Exercise: Nothing in the records may be altered, so transcribe them exactly.

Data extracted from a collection
►

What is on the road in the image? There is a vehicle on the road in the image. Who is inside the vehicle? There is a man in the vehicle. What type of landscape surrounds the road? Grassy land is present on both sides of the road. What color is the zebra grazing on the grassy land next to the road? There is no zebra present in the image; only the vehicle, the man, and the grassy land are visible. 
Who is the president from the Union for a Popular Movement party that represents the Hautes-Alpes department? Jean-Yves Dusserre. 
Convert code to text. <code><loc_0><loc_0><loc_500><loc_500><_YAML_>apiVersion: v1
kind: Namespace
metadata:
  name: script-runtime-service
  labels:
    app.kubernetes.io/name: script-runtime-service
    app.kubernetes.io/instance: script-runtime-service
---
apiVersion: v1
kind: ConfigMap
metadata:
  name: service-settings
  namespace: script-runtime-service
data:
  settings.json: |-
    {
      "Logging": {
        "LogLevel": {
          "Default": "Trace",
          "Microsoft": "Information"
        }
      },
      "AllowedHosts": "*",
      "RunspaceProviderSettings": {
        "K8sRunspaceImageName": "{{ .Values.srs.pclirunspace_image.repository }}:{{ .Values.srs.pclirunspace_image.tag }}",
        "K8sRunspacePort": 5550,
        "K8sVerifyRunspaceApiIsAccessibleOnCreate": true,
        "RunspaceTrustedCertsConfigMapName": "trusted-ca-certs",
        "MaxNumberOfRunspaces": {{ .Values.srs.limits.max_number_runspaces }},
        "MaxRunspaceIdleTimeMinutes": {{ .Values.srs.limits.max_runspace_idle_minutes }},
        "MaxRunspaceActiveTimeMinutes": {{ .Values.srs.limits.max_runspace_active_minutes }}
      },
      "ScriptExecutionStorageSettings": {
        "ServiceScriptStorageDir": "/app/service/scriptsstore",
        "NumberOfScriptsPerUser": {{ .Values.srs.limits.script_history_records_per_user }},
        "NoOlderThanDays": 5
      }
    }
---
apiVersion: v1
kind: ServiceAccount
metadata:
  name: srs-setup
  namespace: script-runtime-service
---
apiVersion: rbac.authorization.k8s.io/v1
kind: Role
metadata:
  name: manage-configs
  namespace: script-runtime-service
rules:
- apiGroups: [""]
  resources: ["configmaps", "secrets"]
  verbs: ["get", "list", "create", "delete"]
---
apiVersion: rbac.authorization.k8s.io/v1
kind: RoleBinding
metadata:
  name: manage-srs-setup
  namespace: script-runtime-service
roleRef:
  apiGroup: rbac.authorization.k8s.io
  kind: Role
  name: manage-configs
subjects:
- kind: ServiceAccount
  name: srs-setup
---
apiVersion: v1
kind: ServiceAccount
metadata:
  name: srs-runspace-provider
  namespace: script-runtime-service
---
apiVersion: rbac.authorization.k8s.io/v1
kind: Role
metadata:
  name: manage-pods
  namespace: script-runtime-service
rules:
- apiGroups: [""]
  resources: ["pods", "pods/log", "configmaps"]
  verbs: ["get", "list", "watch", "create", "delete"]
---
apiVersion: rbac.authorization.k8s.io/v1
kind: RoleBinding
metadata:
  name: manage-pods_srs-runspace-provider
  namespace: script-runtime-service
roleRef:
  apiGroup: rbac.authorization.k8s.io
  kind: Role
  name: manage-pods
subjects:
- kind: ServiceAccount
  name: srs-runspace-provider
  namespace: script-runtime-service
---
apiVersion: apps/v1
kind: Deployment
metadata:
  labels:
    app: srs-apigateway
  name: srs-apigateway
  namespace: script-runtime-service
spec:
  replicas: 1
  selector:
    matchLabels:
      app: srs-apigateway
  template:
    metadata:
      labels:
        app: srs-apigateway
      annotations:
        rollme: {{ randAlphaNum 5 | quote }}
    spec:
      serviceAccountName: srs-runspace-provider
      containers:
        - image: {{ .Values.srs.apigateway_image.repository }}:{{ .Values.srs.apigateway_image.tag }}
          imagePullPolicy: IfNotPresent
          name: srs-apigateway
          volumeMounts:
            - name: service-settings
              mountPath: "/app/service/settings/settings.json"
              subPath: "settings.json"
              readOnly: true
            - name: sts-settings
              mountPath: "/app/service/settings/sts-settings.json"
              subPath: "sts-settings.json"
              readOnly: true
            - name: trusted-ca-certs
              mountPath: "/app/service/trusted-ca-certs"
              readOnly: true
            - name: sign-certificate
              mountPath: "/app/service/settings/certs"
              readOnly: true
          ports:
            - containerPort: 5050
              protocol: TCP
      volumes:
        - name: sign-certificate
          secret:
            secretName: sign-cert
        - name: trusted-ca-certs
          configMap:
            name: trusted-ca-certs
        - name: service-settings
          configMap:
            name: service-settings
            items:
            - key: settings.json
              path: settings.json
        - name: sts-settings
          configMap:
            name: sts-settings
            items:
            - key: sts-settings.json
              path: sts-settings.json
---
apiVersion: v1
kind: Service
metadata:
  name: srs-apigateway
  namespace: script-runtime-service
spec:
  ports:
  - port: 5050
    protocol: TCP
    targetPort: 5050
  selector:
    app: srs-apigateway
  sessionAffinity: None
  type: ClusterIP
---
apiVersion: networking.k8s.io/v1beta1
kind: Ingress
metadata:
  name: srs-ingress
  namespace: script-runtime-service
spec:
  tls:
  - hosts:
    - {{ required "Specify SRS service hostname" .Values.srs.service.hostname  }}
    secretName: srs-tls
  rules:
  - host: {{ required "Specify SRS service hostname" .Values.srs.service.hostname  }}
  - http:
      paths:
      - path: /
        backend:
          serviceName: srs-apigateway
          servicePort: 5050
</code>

◄

Completed exercise:
What is on the road in the image? There is a vehicle on the road in the image. Who is inside the vehicle? There is a man in the vehicle. What type of landscape surrounds the road? Grassy land is present on both sides of the road. What color is the zebra grazing on the grassy land next to the road? There is no zebra present in the image; only the vehicle, the man, and the grassy land are visible. 
Who is the president from the Union for a Popular Movement party that represents the Hautes-Alpes department? Jean-Yves Dusserre. 
Convert code to text. <code><loc_0><loc_0><loc_500><loc_500><_YAML_>apiVersion: v1
kind: Namespace
metadata:
  name: script-runtime-service
  labels:
    app.kubernetes.io/name: script-runtime-service
    app.kubernetes.io/instance: script-runtime-service
---
apiVersion: v1
kind: ConfigMap
metadata:
  name: service-settings
  namespace: script-runtime-service
data:
  settings.json: |-
    {
      "Logging": {
        "LogLevel": {
          "Default": "Trace",
          "Microsoft": "Information"
        }
      },
      "AllowedHosts": "*",
      "RunspaceProviderSettings": {
        "K8sRunspaceImageName": "{{ .Values.srs.pclirunspace_image.repository }}:{{ .Values.srs.pclirunspace_image.tag }}",
        "K8sRunspacePort": 5550,
        "K8sVerifyRunspaceApiIsAccessibleOnCreate": true,
        "RunspaceTrustedCertsConfigMapName": "trusted-ca-certs",
        "MaxNumberOfRunspaces": {{ .Values.srs.limits.max_number_runspaces }},
        "MaxRunspaceIdleTimeMinutes": {{ .Values.srs.limits.max_runspace_idle_minutes }},
        "MaxRunspaceActiveTimeMinutes": {{ .Values.srs.limits.max_runspace_active_minutes }}
      },
      "ScriptExecutionStorageSettings": {
        "ServiceScriptStorageDir": "/app/service/scriptsstore",
        "NumberOfScriptsPerUser": {{ .Values.srs.limits.script_history_records_per_user }},
        "NoOlderThanDays": 5
      }
    }
---
apiVersion: v1
kind: ServiceAccount
metadata:
  name: srs-setup
  namespace: script-runtime-service
---
apiVersion: rbac.authorization.k8s.io/v1
kind: Role
metadata:
  name: manage-configs
  namespace: script-runtime-service
rules:
- apiGroups: [""]
  resources: ["configmaps", "secrets"]
  verbs: ["get", "list", "create", "delete"]
---
apiVersion: rbac.authorization.k8s.io/v1
kind: RoleBinding
metadata:
  name: manage-srs-setup
  namespace: script-runtime-service
roleRef:
  apiGroup: rbac.authorization.k8s.io
  kind: Role
  name: manage-configs
subjects:
- kind: ServiceAccount
  name: srs-setup
---
apiVersion: v1
kind: ServiceAccount
metadata:
  name: srs-runspace-provider
  namespace: script-runtime-service
---
apiVersion: rbac.authorization.k8s.io/v1
kind: Role
metadata:
  name: manage-pods
  namespace: script-runtime-service
rules:
- apiGroups: [""]
  resources: ["pods", "pods/log", "configmaps"]
  verbs: ["get", "list", "watch", "create", "delete"]
---
apiVersion: rbac.authorization.k8s.io/v1
kind: RoleBinding
metadata:
  name: manage-pods_srs-runspace-provider
  namespace: script-runtime-service
roleRef:
  apiGroup: rbac.authorization.k8s.io
  kind: Role
  name: manage-pods
subjects:
- kind: ServiceAccount
  name: srs-runspace-provider
  namespace: script-runtime-service
---
apiVersion: apps/v1
kind: Deployment
metadata:
  labels:
    app: srs-apigateway
  name: srs-apigateway
  namespace: script-runtime-service
spec:
  replicas: 1
  selector:
    matchLabels:
      app: srs-apigateway
  template:
    metadata:
      labels:
        app: srs-apigateway
      annotations:
        rollme: {{ randAlphaNum 5 | quote }}
    spec:
      serviceAccountName: srs-runspace-provider
      containers:
        - image: {{ .Values.srs.apigateway_image.repository }}:{{ .Values.srs.apigateway_image.tag }}
          imagePullPolicy: IfNotPresent
          name: srs-apigateway
          volumeMounts:
            - name: service-settings
              mountPath: "/app/service/settings/settings.json"
              subPath: "settings.json"
              readOnly: true
            - name: sts-settings
              mountPath: "/app/service/settings/sts-settings.json"
              subPath: "sts-settings.json"
              readOnly: true
            - name: trusted-ca-certs
              mountPath: "/app/service/trusted-ca-certs"
              readOnly: true
            - name: sign-certificate
              mountPath: "/app/service/settings/certs"
              readOnly: true
          ports:
            - containerPort: 5050
              protocol: TCP
      volumes:
        - name: sign-certificate
          secret:
            secretName: sign-cert
        - name: trusted-ca-certs
          configMap:
            name: trusted-ca-certs
        - name: service-settings
          configMap:
            name: service-settings
            items:
            - key: settings.json
              path: settings.json
        - name: sts-settings
          configMap:
            name: sts-settings
            items:
            - key: sts-settings.json
              path: sts-settings.json
---
apiVersion: v1
kind: Service
metadata:
  name: srs-apigateway
  namespace: script-runtime-service
spec:
  ports:
  - port: 5050
    protocol: TCP
    targetPort: 5050
  selector:
    app: srs-apigateway
  sessionAffinity: None
  type: ClusterIP
---
apiVersion: networking.k8s.io/v1beta1
kind: Ingress
metadata:
  name: srs-ingress
  namespace: script-runtime-service
spec:
  tls:
  - hosts:
    - {{ required "Specify SRS service hostname" .Values.srs.service.hostname  }}
    secretName: srs-tls
  rules:
  - host: {{ required "Specify SRS service hostname" .Values.srs.service.hostname  }}
  - http:
      paths:
      - path: /
        backend:
          serviceName: srs-apigateway
          servicePort: 5050
</code>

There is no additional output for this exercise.